The signs of acute abdominal catastrophe are unusual but diagnostically important since the outcome may be lethal. Typically the patients are middle aged, but CSS with abdominal complications has been described in children2 and adolescents.3 The gastrointestinal manifestations include diarrhoea, melena and abdominal cramps.3 Rare cases of intestinal erosion,4 ulceration and perforation3 7 8 have been described. Others include acalculous cholecystitis associated with large liver abscesses,4 liver infarction with cutaneous necrosis,5 and duodenitis.6 One case of oophoritis, complicating interpretation of the abdominal signs in women, has also been documented.9
The patient in this report had a systemic vasculitis that culminated with the signs of an acute abdomen. The clinical diagnoses of acute appendicitis and/or cholecystitis were established. Laparoscopy revealed an inflamed appendix. The gall bladder seemed macroscopically uninflamed. Surprisingly, the surface of liver was totally covered with small greyish nodules indicating a disseminated neoplasm or infectious process involving microabscesses (eg, pyogenic bacterial, protozoan infection or miliary tuberculosis). Thus the vasculitis was not clinically apparent.
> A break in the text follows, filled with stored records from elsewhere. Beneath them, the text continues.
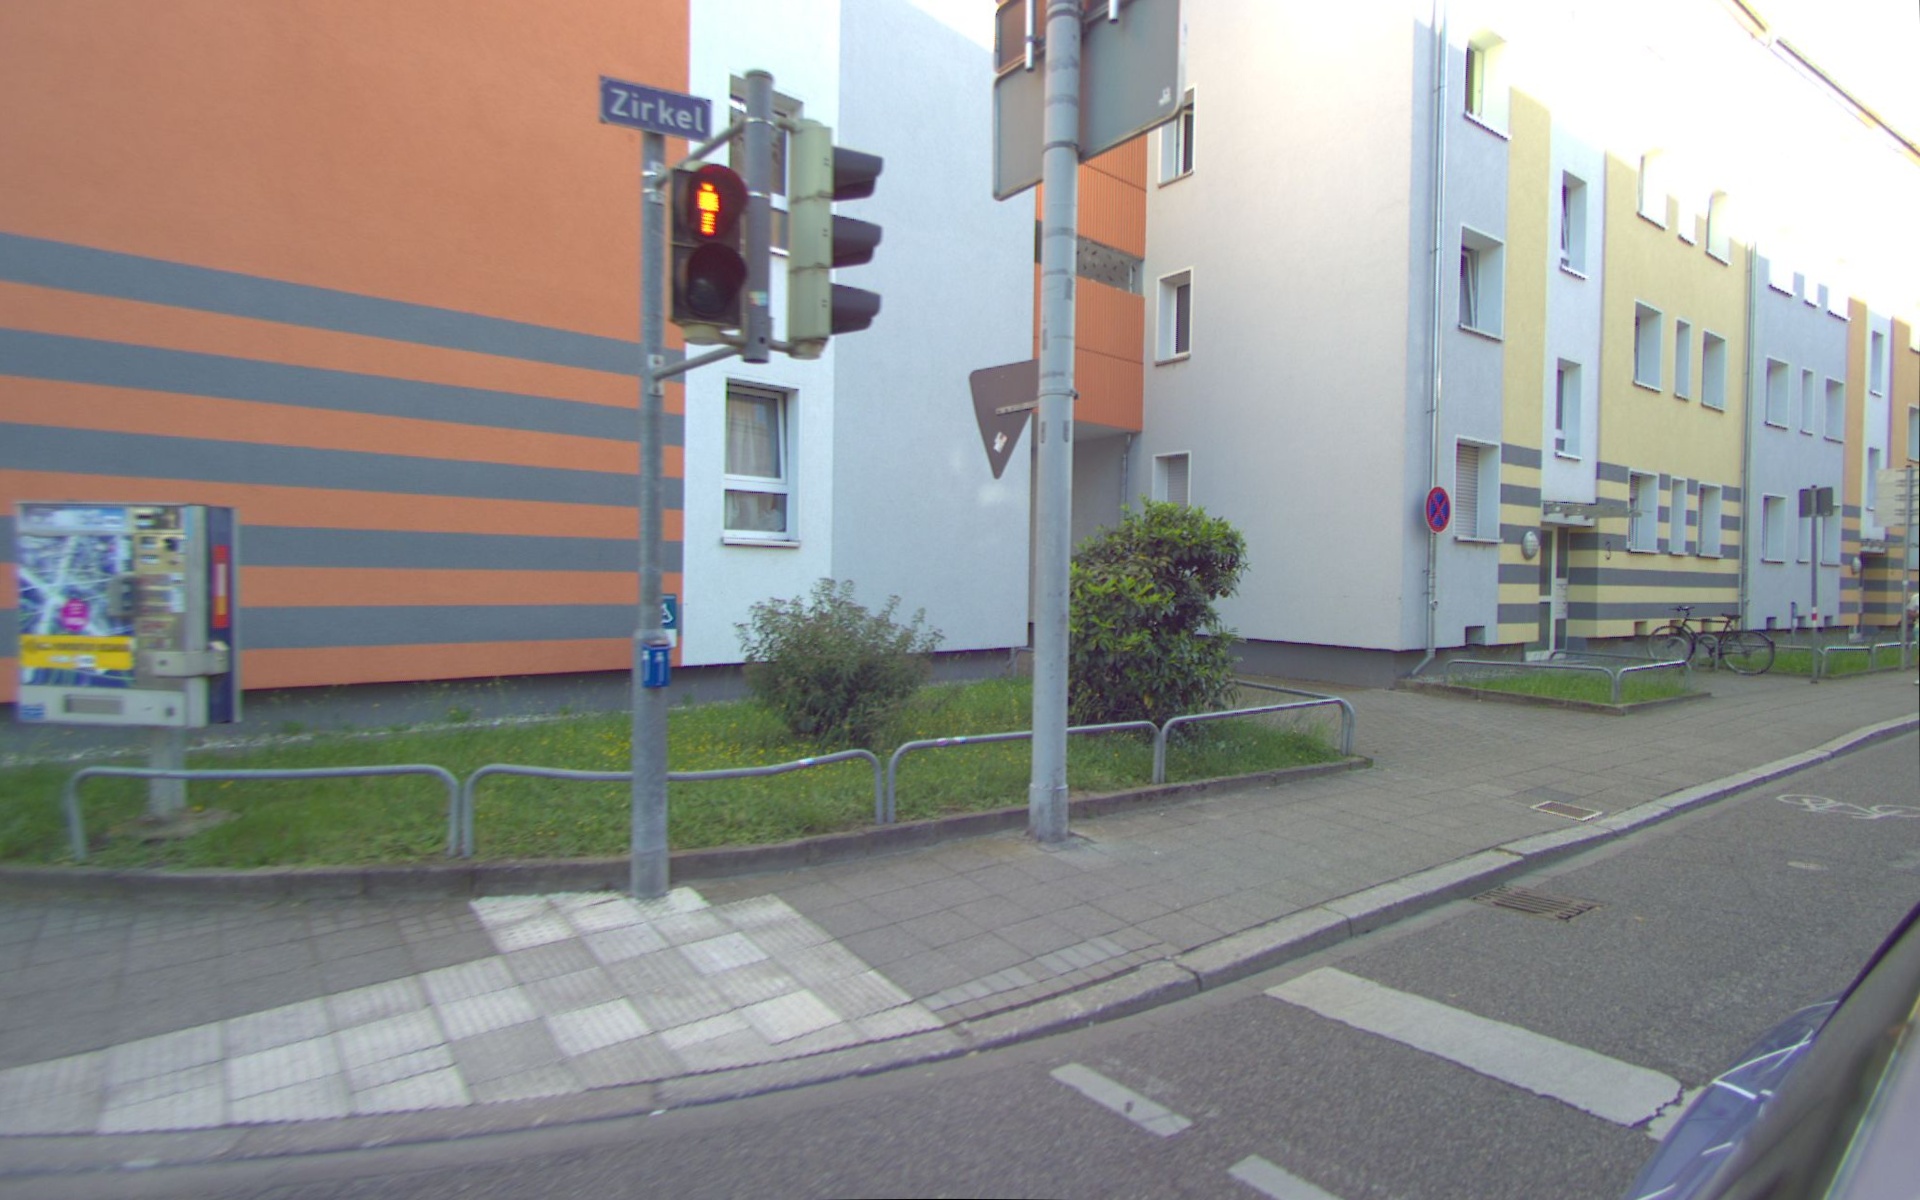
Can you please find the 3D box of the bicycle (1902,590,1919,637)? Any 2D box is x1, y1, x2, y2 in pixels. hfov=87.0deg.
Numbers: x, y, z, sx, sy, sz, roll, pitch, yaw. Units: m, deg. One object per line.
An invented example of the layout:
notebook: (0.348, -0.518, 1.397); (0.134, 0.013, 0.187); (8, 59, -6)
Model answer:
bicycle: (23.878, 0.365, 24.252); (0.573, 1.138, 1.778); (-1, 3, -37)

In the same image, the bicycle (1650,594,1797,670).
bicycle: (12.270, 0.488, 16.312); (0.573, 1.061, 1.776); (-1, 4, -40)

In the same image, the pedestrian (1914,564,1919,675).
pedestrian: (15.096, 0.303, 15.390); (0.818, 1.692, 0.645); (0, 2, -33)

After the examination of the histological samples, a diagnosis of granulomatous small-vessel necrotising vasculitis accompanied with eosinophils and neutrophils was established. Total remission was achieved by steroid and azathioprine therapy. The differential diagnoses include microscopic polyangiitis, Wegener granulomatosis and polyarteritis nodosa. CSS is characteristically accompanied by granulomas and eosinophils. Wegener granulomatosis and polyarteritis nodosa are not associated with positive perinuclear-staining anti-neutrophil cytoplasmic antibody titre, and Wegener granulomatosis does not involve gastrointestinal symptoms. Microscopic polyangiitis is associated with elevated perinuclear-staining anti-neutrophil cytoplasmic antibody and anti-myeloperoxidase titres and can involve the gastrointestinal tract similar to CSS. However, the vascular reaction is leukocytoclastic and no history with asthma is involved.
We have presented a case of CSS in a middle-aged man who presented with gastrointestinal symptoms leading to appendicectomy and cholecystectomy. In addition to an inflamed gall bladder and appendix, the surface of liver was covered with nodules suspicious of a disseminated malignancy or infectious process. The diagnosis of CSS was established after histopathological examination and serological tests. To our knowledge, this type of potentially confusing clinical manifestation of the CSS has not been reported previously.
Churg–Strauss syndrome is a rare systemic small-vessel necrotising vasculitis, which may infrequently be manifested by symptoms of an acute abdomen.
Careful evaluation of patient history (asthma, nasal polyposis, allergic rhinitis), signs of systemic disease (renal, cardiac, neurological, dermatological) and haematological findings (eosinophilia, elevated serum IgE and perinuclear-staining anti-neutrophil cytoplasmic antibodies) are needed.
Histopathological verification of small-vessel necrotising vasculitis accompanied by eosinophils and granulomas is essential for definitive diagnosis.
Competing interests None declared.
Patient consent Obtained.
Provenance and peer review Not commissioned; externally peer reviewed.